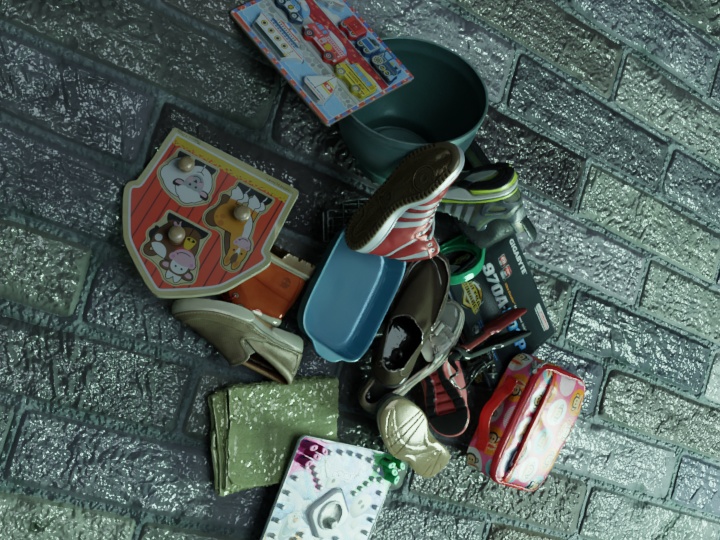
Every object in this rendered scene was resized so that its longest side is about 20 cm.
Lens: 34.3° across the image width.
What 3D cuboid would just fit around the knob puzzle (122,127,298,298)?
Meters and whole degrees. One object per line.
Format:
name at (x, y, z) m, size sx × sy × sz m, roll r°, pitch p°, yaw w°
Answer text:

§ §

What is needed » Give every record again exactly, apart from the pictures, which stay out.

The completed task »
Every object in this rendered scene was resized so that its longest side is about 20 cm.
Lens: 34.3° across the image width.
What 3D cuboid would just fit around the knob puzzle (122,127,298,298)?
Meters and whole degrees. One object per line.
Format:
name at (x, y, z) m, size sx × sy × sz m, roll r°, pitch p°, yaw w°
Answer text:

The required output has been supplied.